- Dataset entries -
..............................
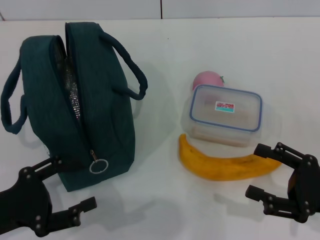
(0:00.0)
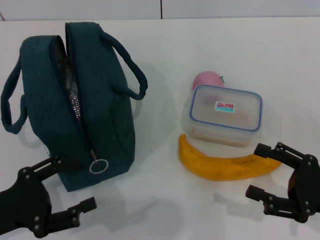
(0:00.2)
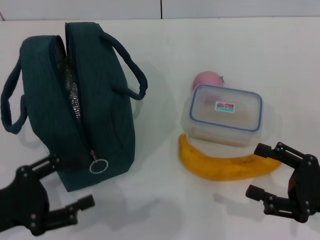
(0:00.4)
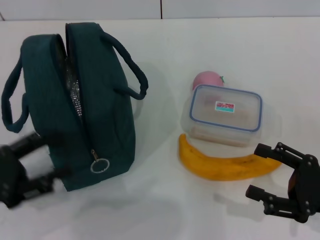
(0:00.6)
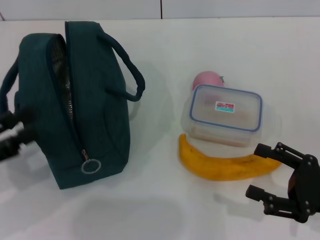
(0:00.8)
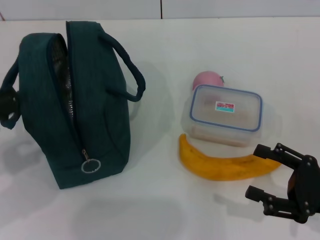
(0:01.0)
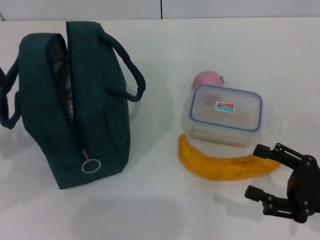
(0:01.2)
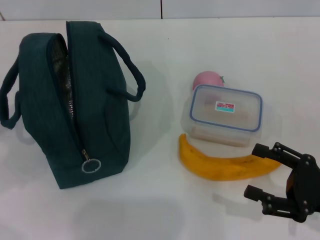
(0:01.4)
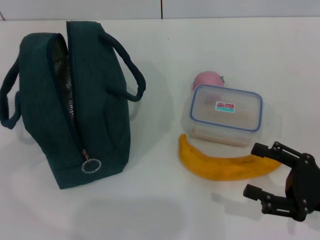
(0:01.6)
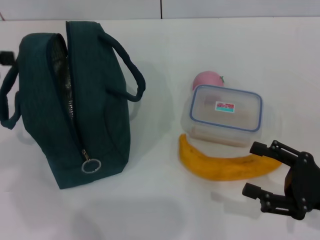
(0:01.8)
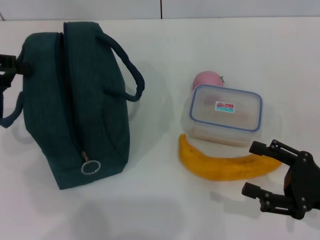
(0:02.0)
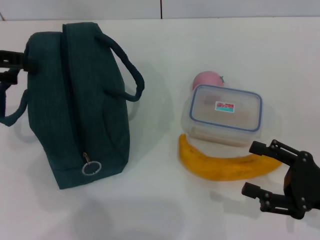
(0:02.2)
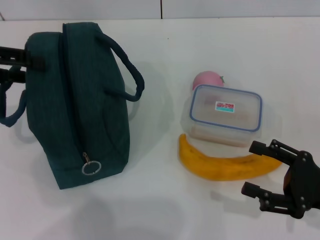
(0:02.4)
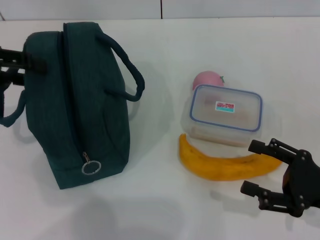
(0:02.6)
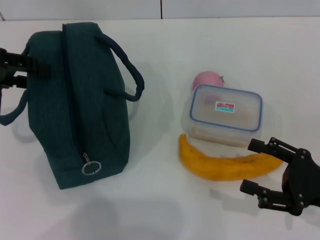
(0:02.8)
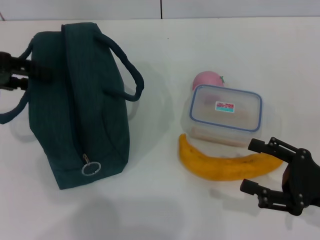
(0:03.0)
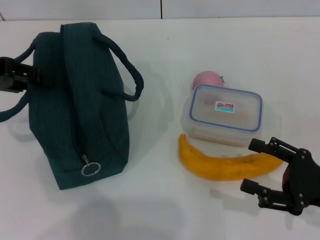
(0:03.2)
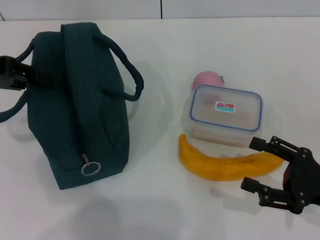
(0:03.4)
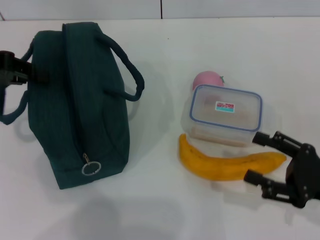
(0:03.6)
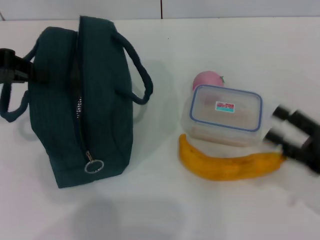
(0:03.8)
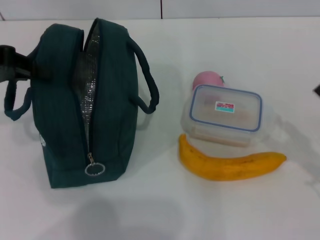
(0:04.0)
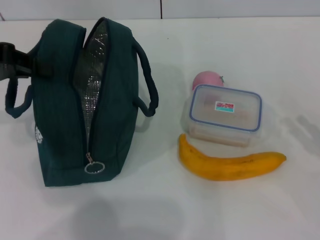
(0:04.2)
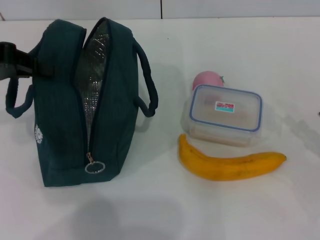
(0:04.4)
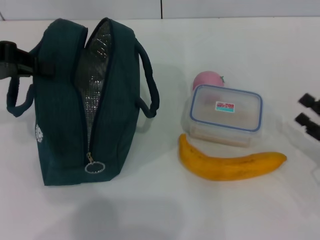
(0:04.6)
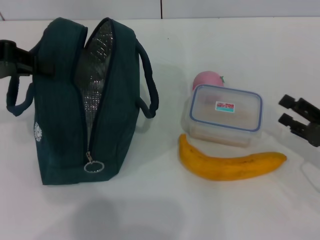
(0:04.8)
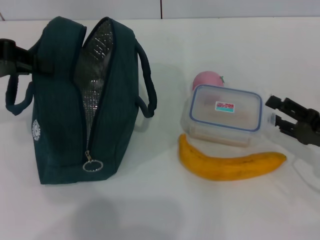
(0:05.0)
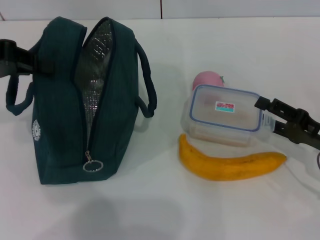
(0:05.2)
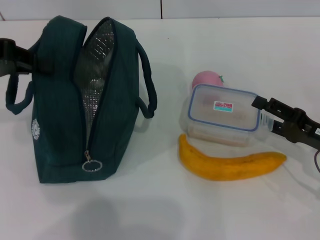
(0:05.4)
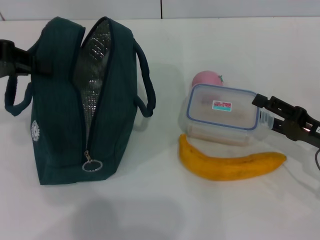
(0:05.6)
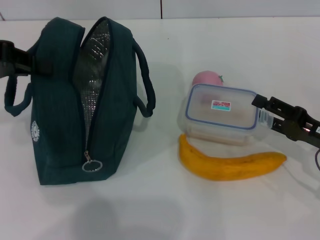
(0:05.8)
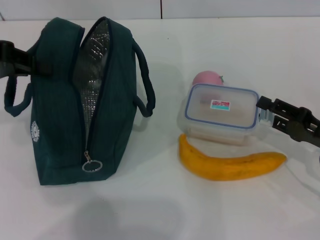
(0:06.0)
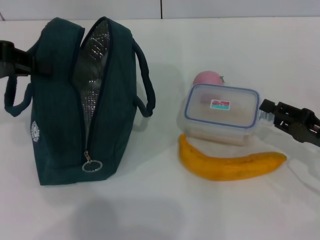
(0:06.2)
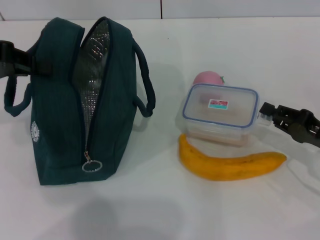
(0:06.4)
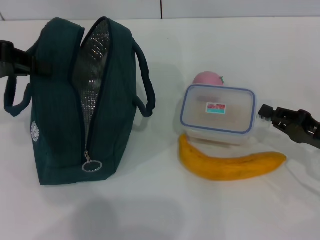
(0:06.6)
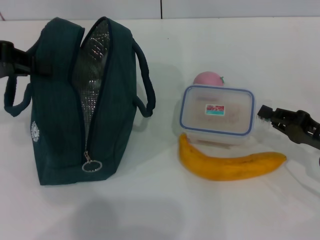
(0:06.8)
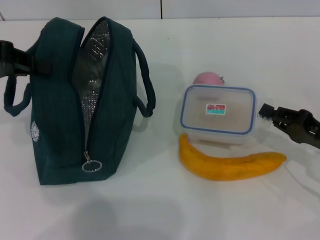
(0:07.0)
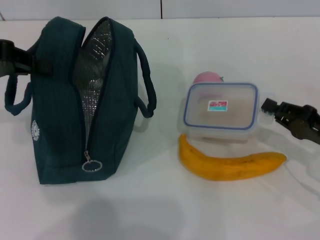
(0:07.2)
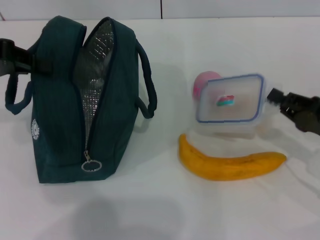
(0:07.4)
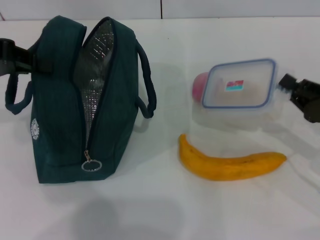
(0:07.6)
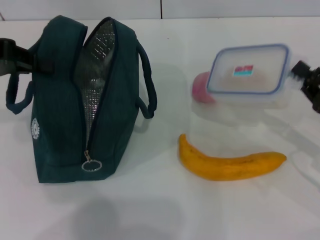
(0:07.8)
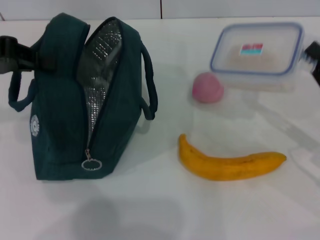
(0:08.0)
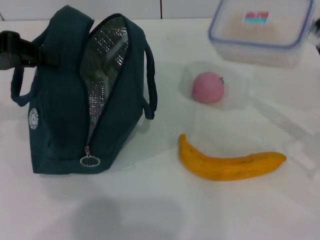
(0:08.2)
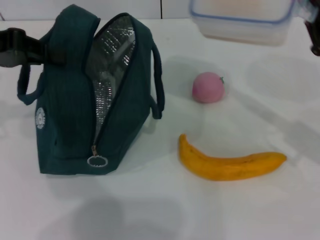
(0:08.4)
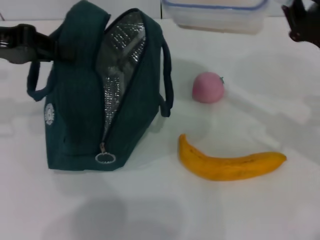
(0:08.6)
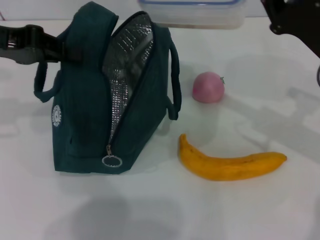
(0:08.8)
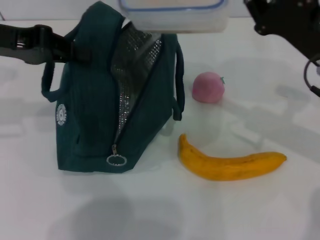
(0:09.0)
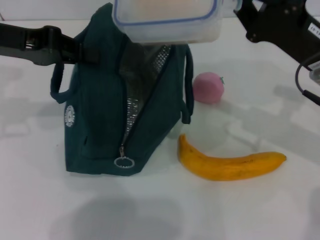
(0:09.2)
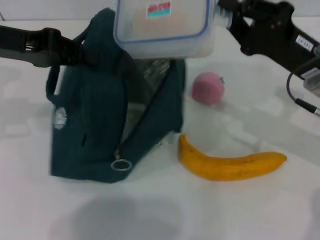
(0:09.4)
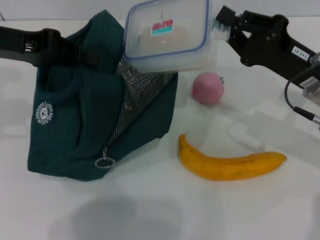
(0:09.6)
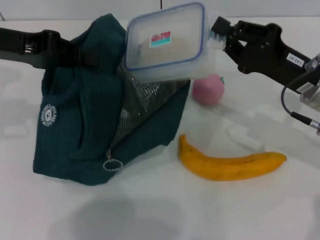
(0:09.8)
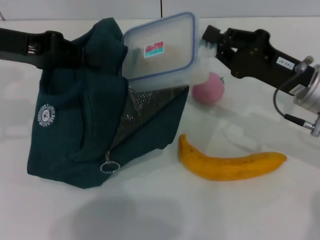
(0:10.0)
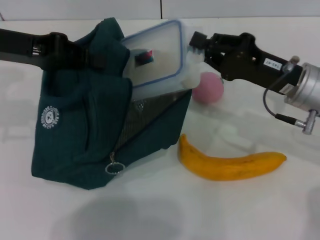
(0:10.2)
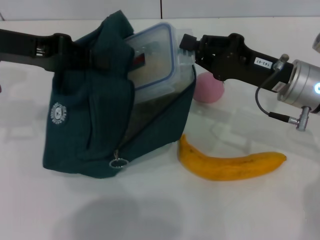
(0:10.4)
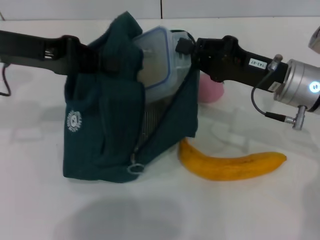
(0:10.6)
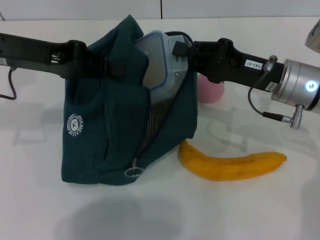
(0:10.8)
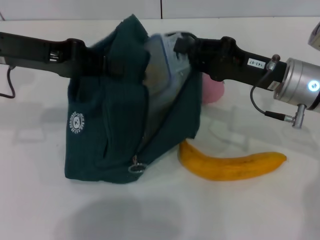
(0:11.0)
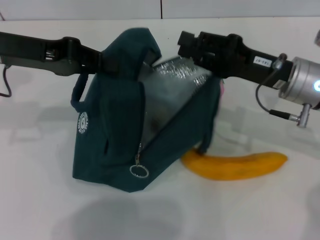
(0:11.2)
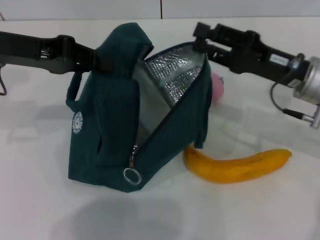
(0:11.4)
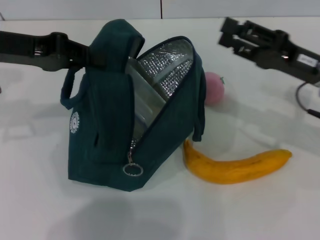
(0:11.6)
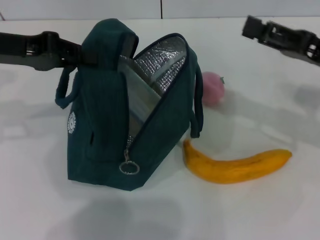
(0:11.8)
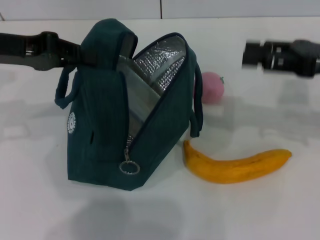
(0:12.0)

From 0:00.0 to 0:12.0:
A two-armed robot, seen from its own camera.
Step, from 0:00.0 to 0:03.6: Hold the lunch bag with your left hand.
Step, from 0:04.0 to 0:07.2: Pick up the lunch box with your right hand.
Step, from 0:07.4 to 0:11.0: Place the lunch box into the lunch bag with your right hand.
From 0:00.0 to 0:01.6: The left gripper travels upward, forward and to the left by some 20 cm.
From 0:01.6 to 0:03.0: The left gripper travels to the right and forward by approximately 10 cm.
From 0:03.0 to 0:04.4: The left gripper closes. Meanwhile the right gripper shifts some 5 cm to the right.
From 0:04.4 to 0:06.0: The right gripper heads forward and to the left, covering approximately 10 cm.
From 0:06.0 to 0:07.6: The right gripper closes its fingers.
From 0:07.6 to 0:09.0: The right gripper shifts roughly 15 cm to the left, upward and forward.
From 0:10.4 to 0:12.0: The right gripper moves to the right and upward, roughly 10 cm, and opens up.
..............................
- Brief -
No images belong in the copy. Transcribe every record exactly.

- Answer for the task -
(0:00.0)
(0:00.2)
(0:00.4)
(0:00.6)
(0:00.8)
(0:01.0)
(0:01.2)
(0:01.4)
(0:01.6)
(0:01.8)
(0:02.0)
(0:02.2)
(0:02.4)
(0:02.6)
(0:02.8)
(0:03.0)
(0:03.2)
(0:03.4)
(0:03.6)
(0:03.8)
(0:04.0)
(0:04.2)
(0:04.4)
(0:04.6)
(0:04.8)
(0:05.0)
(0:05.2)
(0:05.4)
(0:05.6)
(0:05.8)
(0:06.0)
(0:06.2)
(0:06.4)
(0:06.6)
(0:06.8)
(0:07.0)
(0:07.2)
(0:07.4)
(0:07.6)
(0:07.8)
(0:08.0)
(0:08.2)
(0:08.4)
(0:08.6)
(0:08.8)
(0:09.0)
(0:09.2)
(0:09.4)
(0:09.6)
(0:09.8)
(0:10.0)
(0:10.2)
(0:10.4)
(0:10.6)
(0:10.8)
(0:11.0)
(0:11.2)
(0:11.4)
(0:11.6)
(0:11.8)
(0:12.0)

From 0:00.0 to 0:12.0:
A two-armed robot, seen from its own camera.
Step, from 0:00.0 to 0:03.6: Hold the lunch bag with your left hand.
Step, from 0:04.0 to 0:07.2: Pick up the lunch box with your right hand.
Step, from 0:07.4 to 0:11.0: Place the lunch box into the lunch bag with your right hand.
From 0:00.0 to 0:01.6: The left gripper travels upward, forward and to the left by some 20 cm.
From 0:01.6 to 0:03.0: The left gripper travels to the right and forward by approximately 10 cm.
From 0:03.0 to 0:04.4: The left gripper closes. Meanwhile the right gripper shifts some 5 cm to the right.
From 0:04.4 to 0:06.0: The right gripper heads forward and to the left, covering approximately 10 cm.
From 0:06.0 to 0:07.6: The right gripper closes its fingers.
From 0:07.6 to 0:09.0: The right gripper shifts roughly 15 cm to the left, upward and forward.
From 0:10.4 to 0:12.0: The right gripper moves to the right and upward, roughly 10 cm, and opens up.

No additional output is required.